YOUR INSTRUCTIONS
Your task is to transcribe exactly, and only, the lines running from the one with "Answer as a" to the end of the listing below, inclusive, with every picture left out.

DATA FOR ANALYSIS
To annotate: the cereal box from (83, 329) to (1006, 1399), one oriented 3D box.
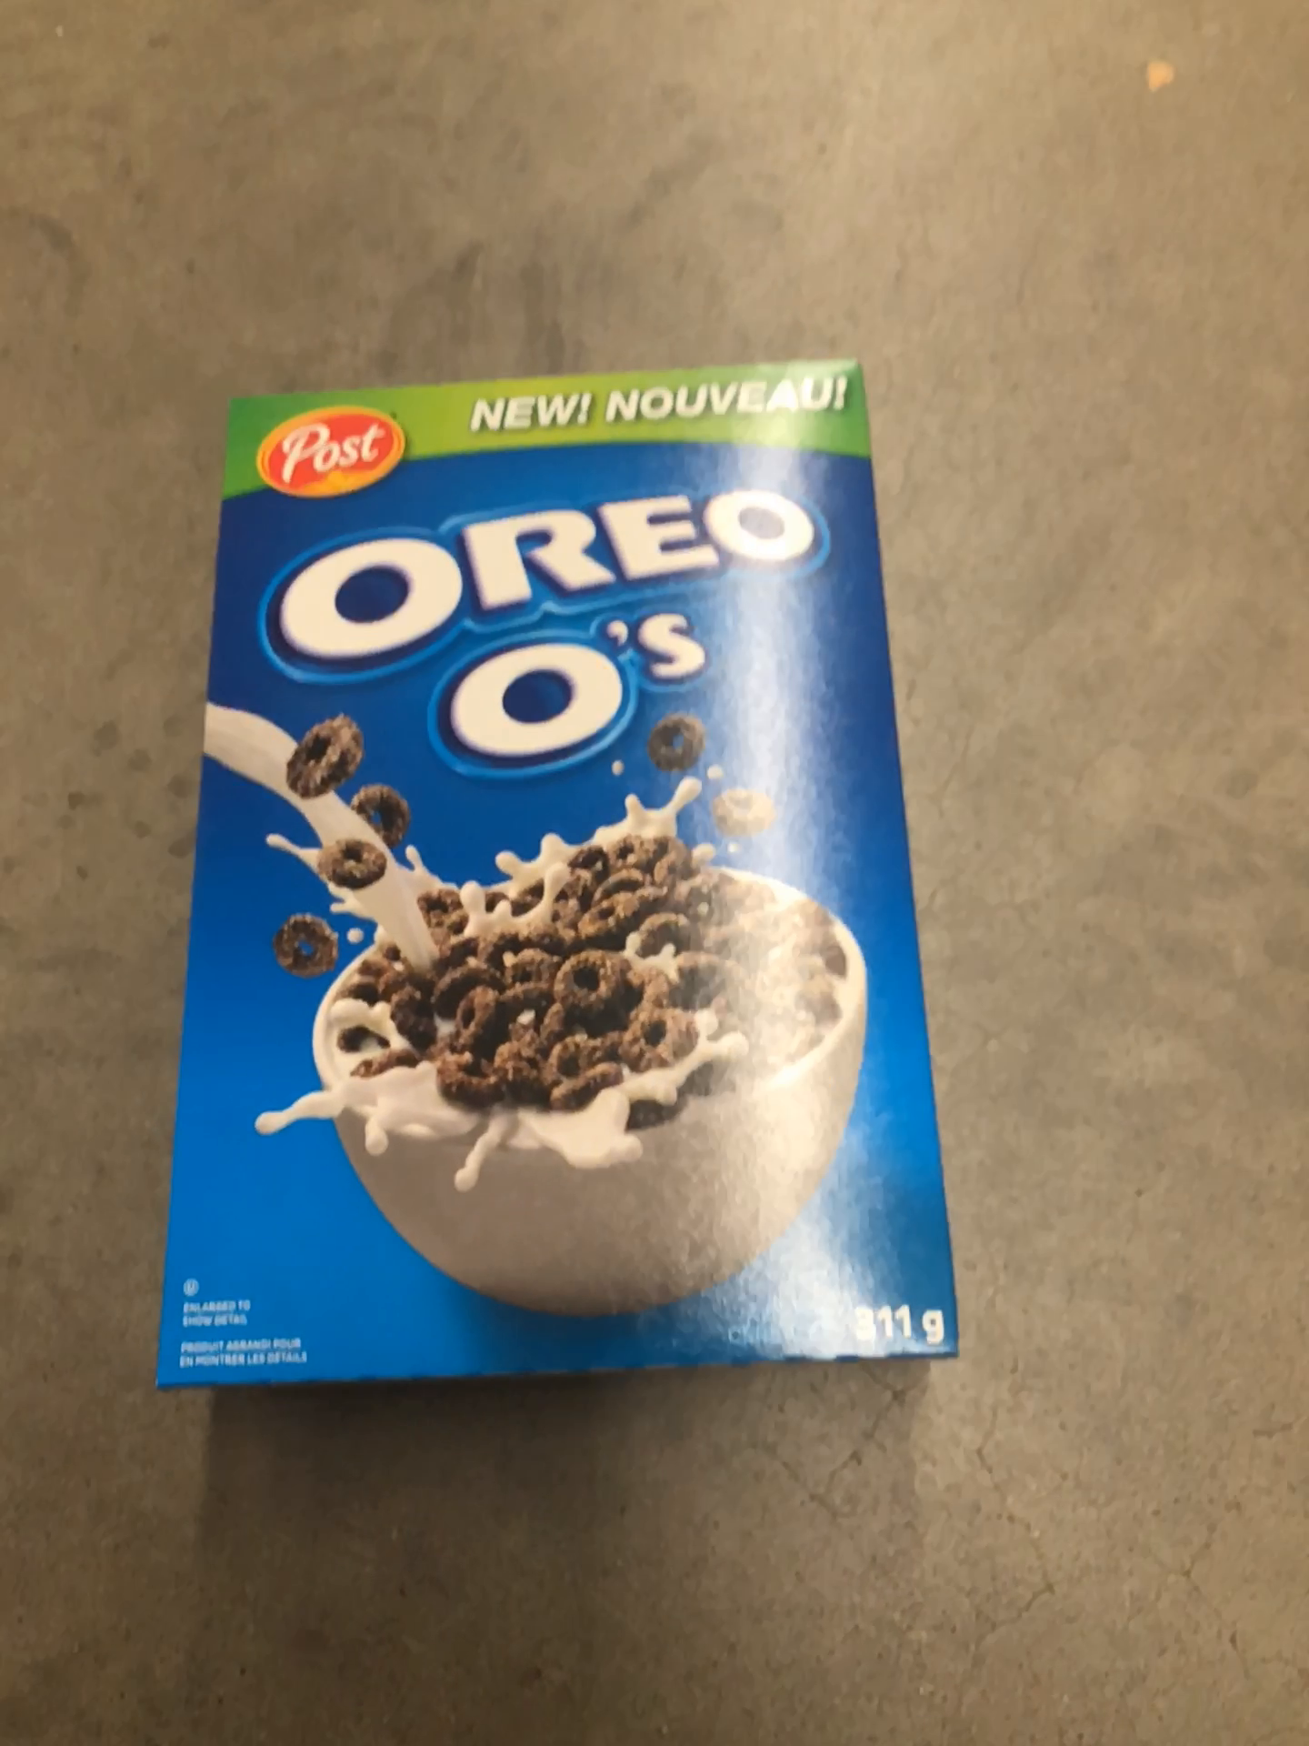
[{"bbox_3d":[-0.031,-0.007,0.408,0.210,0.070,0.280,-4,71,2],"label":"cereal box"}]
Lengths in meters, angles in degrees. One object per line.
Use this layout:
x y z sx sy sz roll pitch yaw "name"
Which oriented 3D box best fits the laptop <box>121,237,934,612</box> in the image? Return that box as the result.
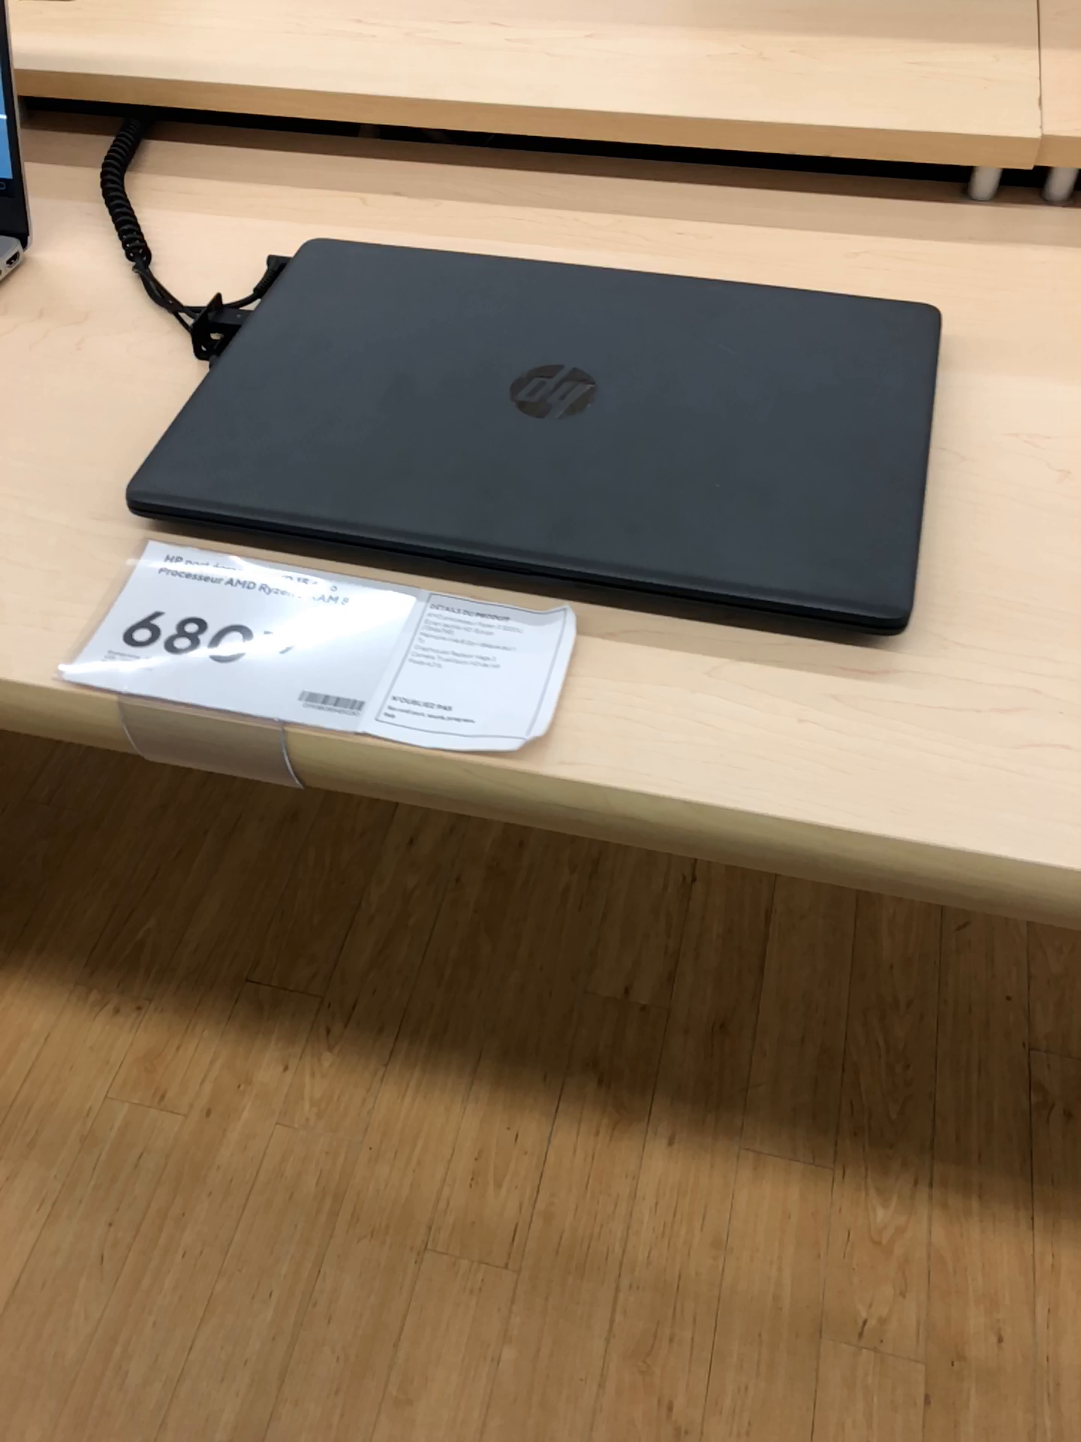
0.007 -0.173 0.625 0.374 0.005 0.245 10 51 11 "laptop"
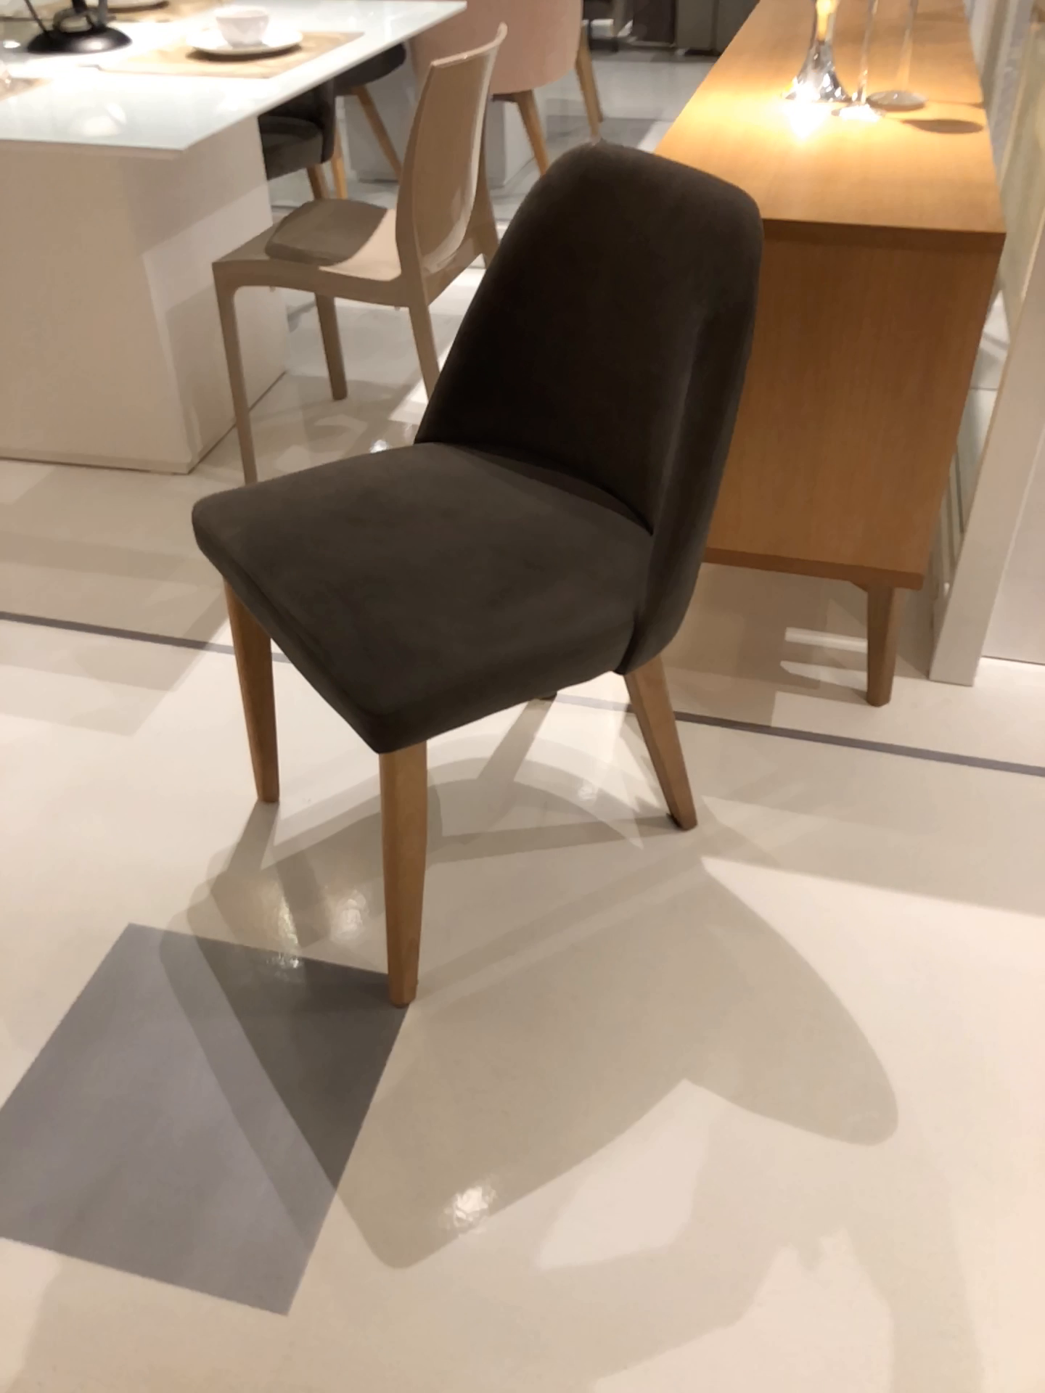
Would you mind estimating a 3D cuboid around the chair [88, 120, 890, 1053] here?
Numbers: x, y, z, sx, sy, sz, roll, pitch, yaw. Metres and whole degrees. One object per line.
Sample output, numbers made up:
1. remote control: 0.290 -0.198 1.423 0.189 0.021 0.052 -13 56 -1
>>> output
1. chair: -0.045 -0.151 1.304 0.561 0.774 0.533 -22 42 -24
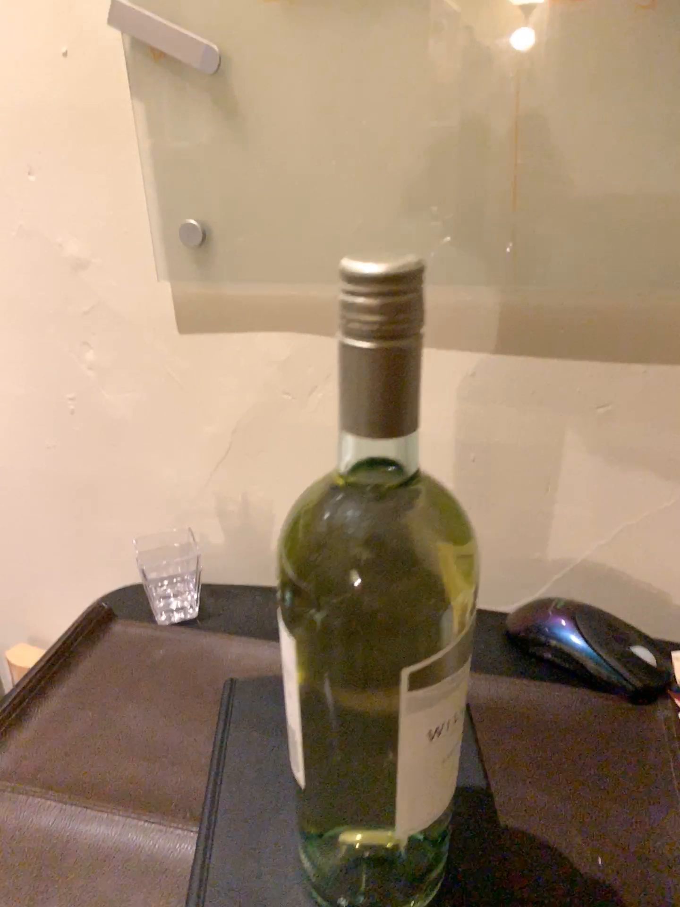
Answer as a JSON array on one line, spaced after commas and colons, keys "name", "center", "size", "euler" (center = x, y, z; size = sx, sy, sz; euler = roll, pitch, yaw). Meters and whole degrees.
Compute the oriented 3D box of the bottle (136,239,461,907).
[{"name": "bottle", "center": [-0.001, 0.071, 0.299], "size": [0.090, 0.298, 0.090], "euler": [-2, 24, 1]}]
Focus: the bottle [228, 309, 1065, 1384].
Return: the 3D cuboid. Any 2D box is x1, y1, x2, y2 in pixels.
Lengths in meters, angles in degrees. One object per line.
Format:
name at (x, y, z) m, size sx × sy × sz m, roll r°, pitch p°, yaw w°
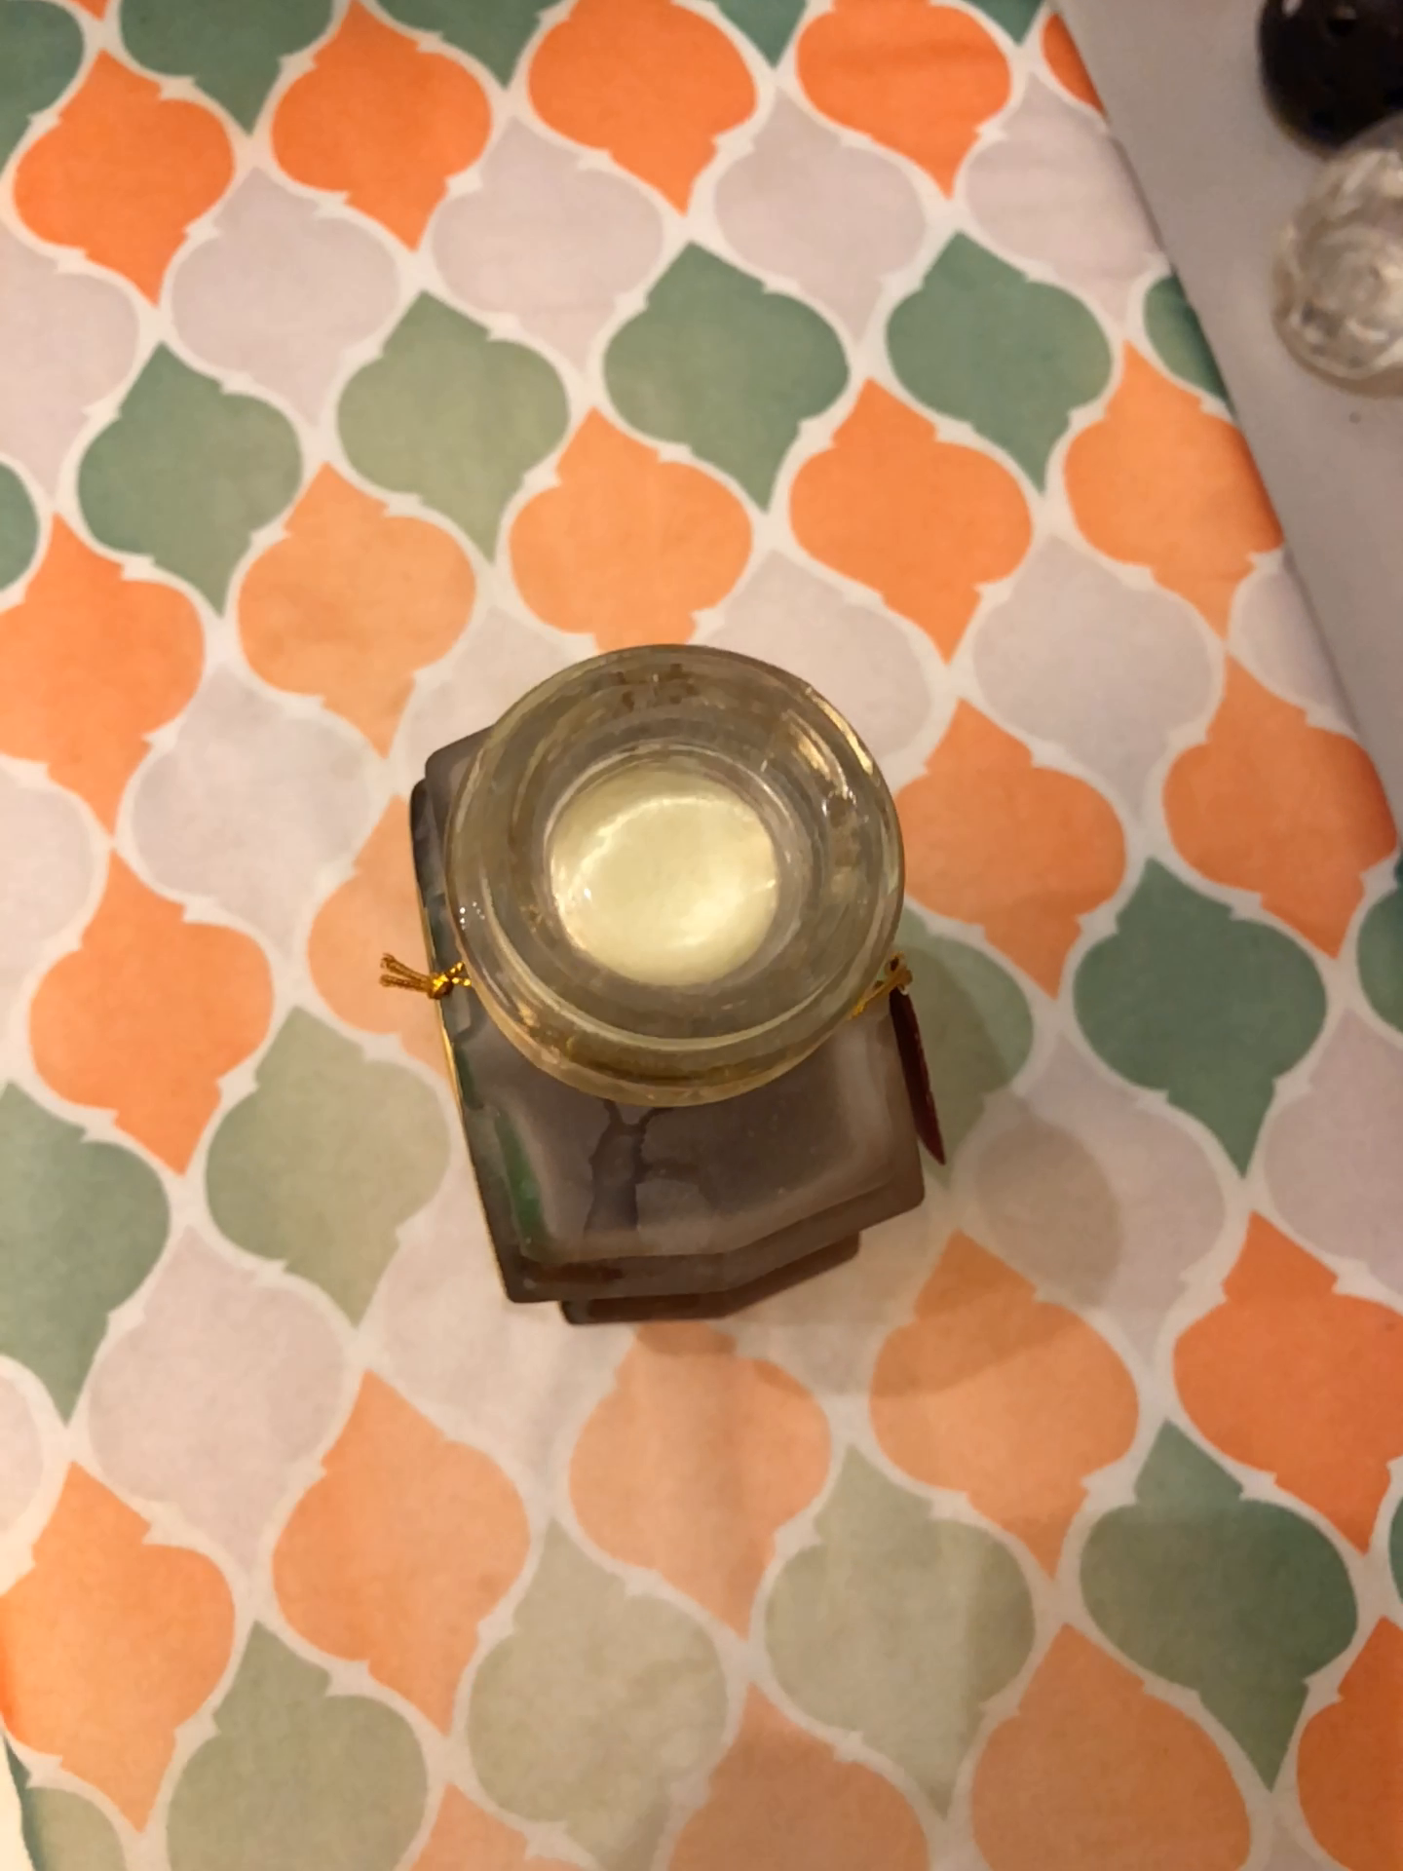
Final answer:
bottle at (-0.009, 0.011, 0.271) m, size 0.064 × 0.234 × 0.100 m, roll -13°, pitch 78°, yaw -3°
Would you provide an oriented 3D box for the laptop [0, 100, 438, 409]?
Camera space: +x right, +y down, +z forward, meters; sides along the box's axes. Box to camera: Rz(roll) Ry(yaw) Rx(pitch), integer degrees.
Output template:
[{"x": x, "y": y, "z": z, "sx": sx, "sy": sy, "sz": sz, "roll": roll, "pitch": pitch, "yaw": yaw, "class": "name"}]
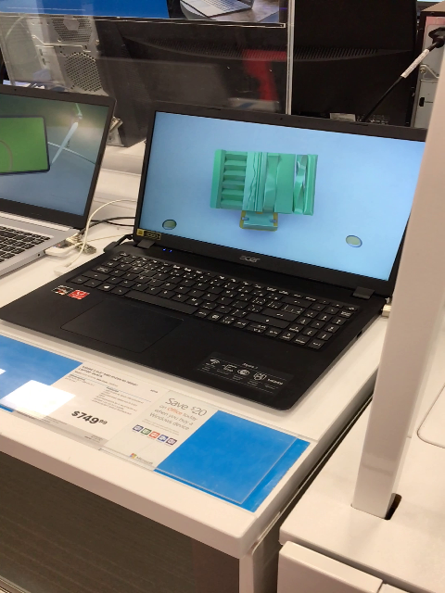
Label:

ANSWER BELOW
Answer as a JSON array on one line, spaced after commas and colons, keys "name", "center", "size", "euler" (center = x, y, z; size = sx, sy, sz; euler = roll, pitch, yaw). Meters and whole degrees.
Compute the oriented 3D box of the bottle (136,239,461,907).
[{"name": "bottle", "center": [-0.001, 0.071, 0.299], "size": [0.090, 0.298, 0.090], "euler": [-2, 24, 1]}]
Focus: the bottle [228, 309, 1065, 1384].
Return: the 3D cuboid. Any 2D box is x1, y1, x2, y2 in pixels.
Lengths in meters, angles in degrees. One object per line.
Format:
name at (x, y, z) m, size sx × sy × sz m, roll r°, pitch p°, yaw w°
Final answer:
bottle at (-0.009, 0.011, 0.271) m, size 0.064 × 0.234 × 0.100 m, roll -13°, pitch 78°, yaw -3°
Would you provide an oriented 3D box for the laptop [0, 100, 438, 409]?
Camera space: +x right, +y down, +z forward, meters; sides along the box's axes. Box to camera: Rz(roll) Ry(yaw) Rx(pitch), integer degrees.
Output template:
[{"x": x, "y": y, "z": z, "sx": sx, "sy": sy, "sz": sz, "roll": roll, "pitch": pitch, "yaw": yaw, "class": "name"}]
Label:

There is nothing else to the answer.